360-degree image salient target detection method based on convolutional neural network

Technical Field

The invention relates to the technical field of computer vision, in particular to a 360-degree image salient object detection method based on a convolutional neural network.

Background

The 360-degree image, namely the 360-degree panoramic image, is an image obtained by performing multi-angle all-round shooting on the existing scene by using shooting equipment and performing post-processing by using a computer, and is a three-dimensional virtual scene display technology. As a brand-new display form, the method has wide application scenes, such as all-around display of tourist attractions, hotels and guest houses, all-around analysis of road condition environment by automatic driving, development of VR film and television entertainment and the like, and the development of 360-degree image technology cannot be separated. The detection of the remarkable target in the 360-degree image is beneficial to quickly locking the pedestrian and the target building in the scene, and has higher research significance in different fields.

The detection and segmentation of salient objects in natural scenes, commonly referred to as salient object detection, aims to capture the most visually attractive object in an image, and can be applied to a wide range of visual fields such as image video segmentation, image understanding, semantic segmentation, image object emphasis and the like. In recent years, with the continuous development of convolutional neural networks, a conventional image salient object detection model has achieved high performance in a limited visual field scene. However, a 360-degree panoramic image is a novel form of image representation. At present, two common ways are to display global object information as a two-dimensional image in the form of an isometric projection or a cube projection respectively.

Among them, the isometric projection is one of the most common methods for storing a 360-degree panoramic image as a standard 2D image, and displays the full-range image information of a real 3D world with a single two-dimensional plane, but the real semantic information is forged by the projection distortion from a spherical surface to a plane. Currently, although many scholars have proposed various non-convolutional network algorithms to process these false information, most of the existing convolutional neural network-based salient object detection models still cannot accurately highlight salient objects in images from distorted semantic information due to the characteristic that convolutional neural networks are sensitive to regular grid data and insensitive to distorted data.

Compared with the isometric projection, the cube projection is to cut a 360-degree panoramic image into six faces of a cube, and present global information in images of 6 orientations (up, down, left, right, front and back).

It can be seen that, although the two forms of the isometric projection and the cube projection can show the global object information as a two-dimensional image, the projection distortion of the spherical surface to the plane is inevitably introduced.

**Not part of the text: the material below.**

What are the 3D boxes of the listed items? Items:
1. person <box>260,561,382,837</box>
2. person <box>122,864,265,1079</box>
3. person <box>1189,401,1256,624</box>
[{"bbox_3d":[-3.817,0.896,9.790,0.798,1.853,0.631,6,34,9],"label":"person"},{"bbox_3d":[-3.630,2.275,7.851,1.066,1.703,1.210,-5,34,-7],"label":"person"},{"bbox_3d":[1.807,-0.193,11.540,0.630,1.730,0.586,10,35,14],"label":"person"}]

Resulting in that directly employing conventional object detection models will likely not accurately highlight salient objects in these images.

Disclosure of Invention

The invention provides a 360-degree image salient target detection method based on a convolutional neural network according to the defects of the prior art, a corresponding cubic projection image is constructed based on an equidistant 360-degree image by using an image mapping relation, and two kinds of images are used as input, so that the problem of poor distortion of spherical surface-to-plane projection caused by single input of the equidistant 360-degree image is solved.

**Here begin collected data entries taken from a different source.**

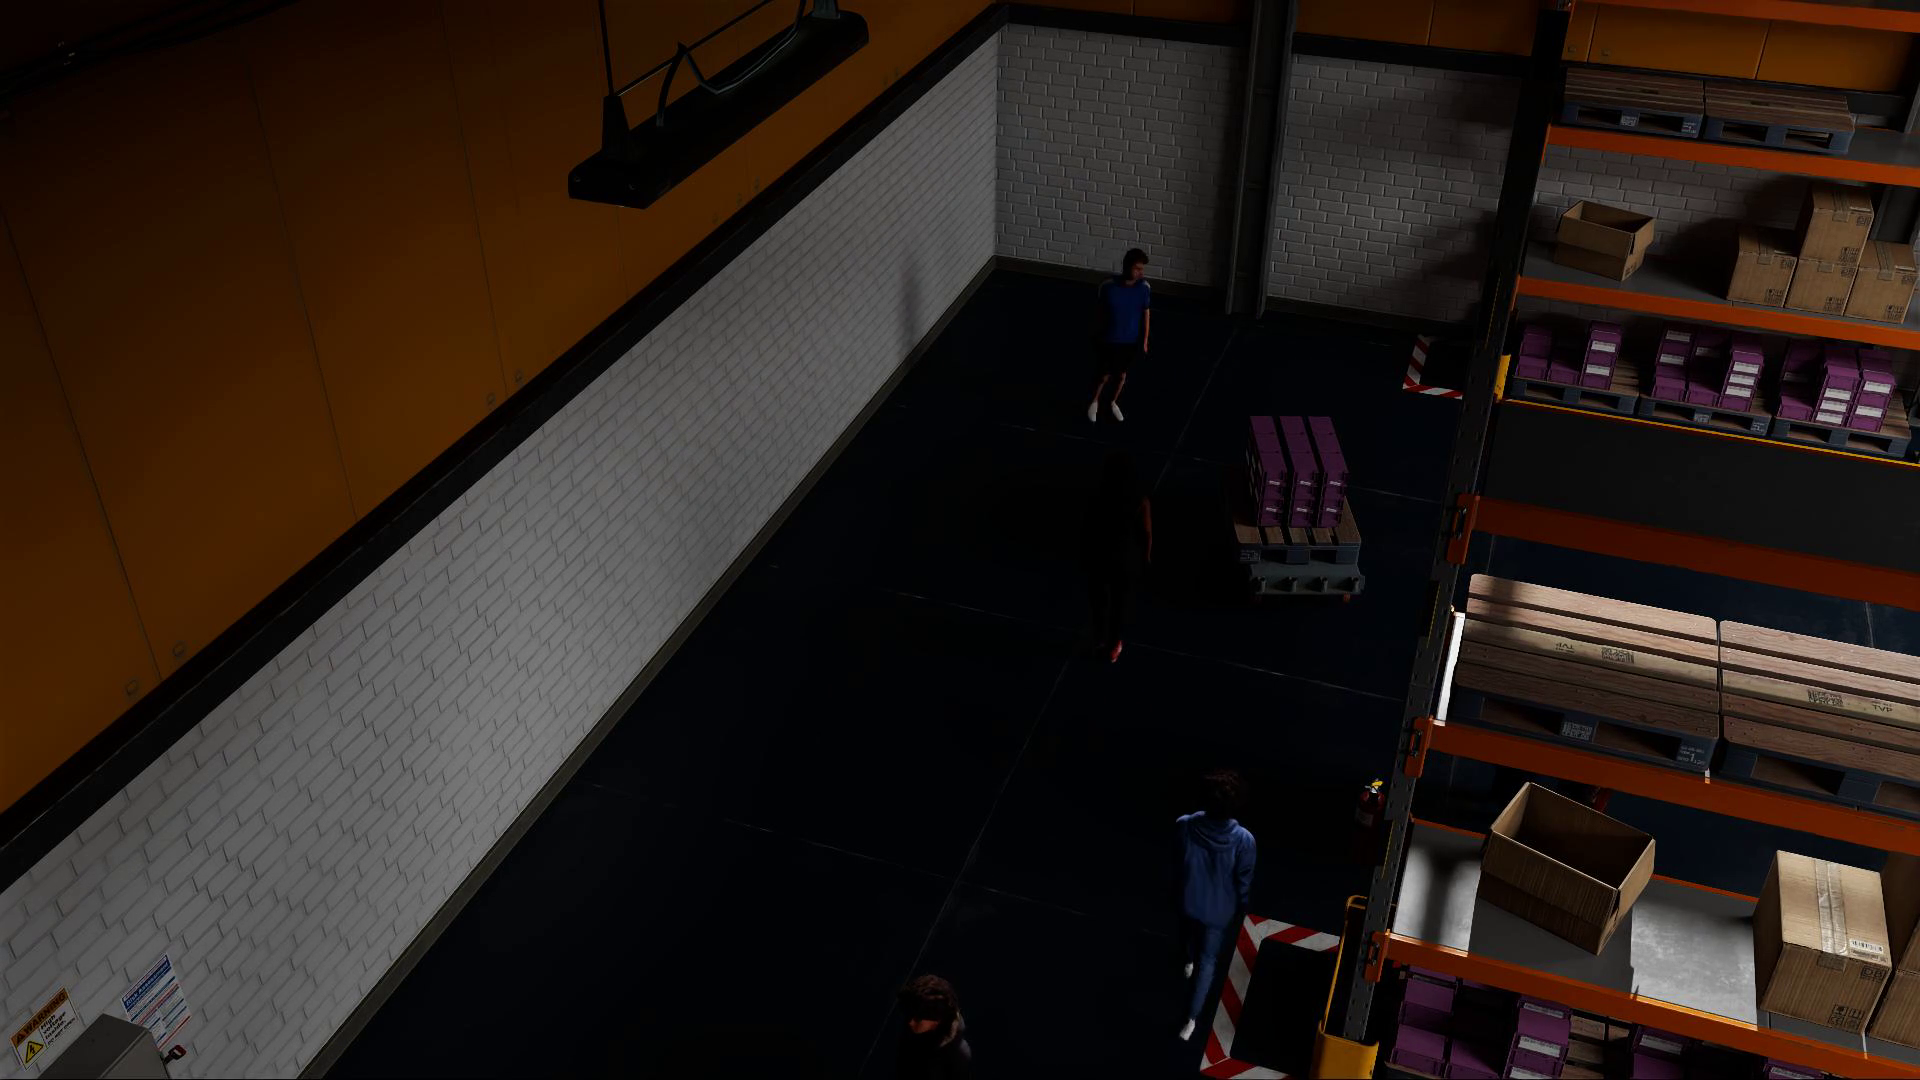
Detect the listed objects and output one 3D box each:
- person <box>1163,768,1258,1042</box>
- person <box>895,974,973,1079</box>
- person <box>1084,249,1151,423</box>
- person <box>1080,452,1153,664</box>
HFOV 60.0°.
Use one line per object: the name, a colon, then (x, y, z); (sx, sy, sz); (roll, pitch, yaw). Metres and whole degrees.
person: (1.416, 2.155, 9.739); (1.059, 1.769, 0.740); (12, 35, 17)
person: (-0.084, 2.888, 8.645); (0.832, 1.760, 0.846); (26, 42, 34)
person: (1.480, -1.957, 15.880); (0.794, 1.819, 0.902); (3, 34, 4)
person: (1.167, 0.186, 12.671); (0.660, 1.803, 0.795); (6, 34, 9)

In order to solve the technical problems, the technical scheme of the invention is as follows:

a360-degree image salient object detection method based on a convolutional neural network comprises the following steps:

s1, image conversion

S1-1, creating a data set of an equidistant 360-degree image;

s1-2, establishing an image conversion module;

s1-3, after reading equidistant 360-degree images in a data set, generating corresponding cubic projection images by using an image conversion module;

s2, constructing a characteristic pyramid network, and performing characteristic extraction on the equidistant 360-degree image and the converted cube projection image to obtain equidistant 360-degree image characteristics and cube projection characteristics;

s3, four identical feature aggregation modules are adopted, each module is subjected to conversion from cube projection features to equidistant features by a feature conversion submodule, and is combined with the features of an equidistant 360-degree image, and then a cavity convolution pooling pyramid submodule is used for optimizing the features, so that multi-level aggregation features are obtained;

and S4, connecting and feeding the multi-level aggregation features to an attention integration module, adaptively selecting reliable space and channel information through deducing a space and channel attention mechanism, and fusing the reliable space and channel information with the multi-level aggregation features to obtain final features and finish the detection of the remarkable target.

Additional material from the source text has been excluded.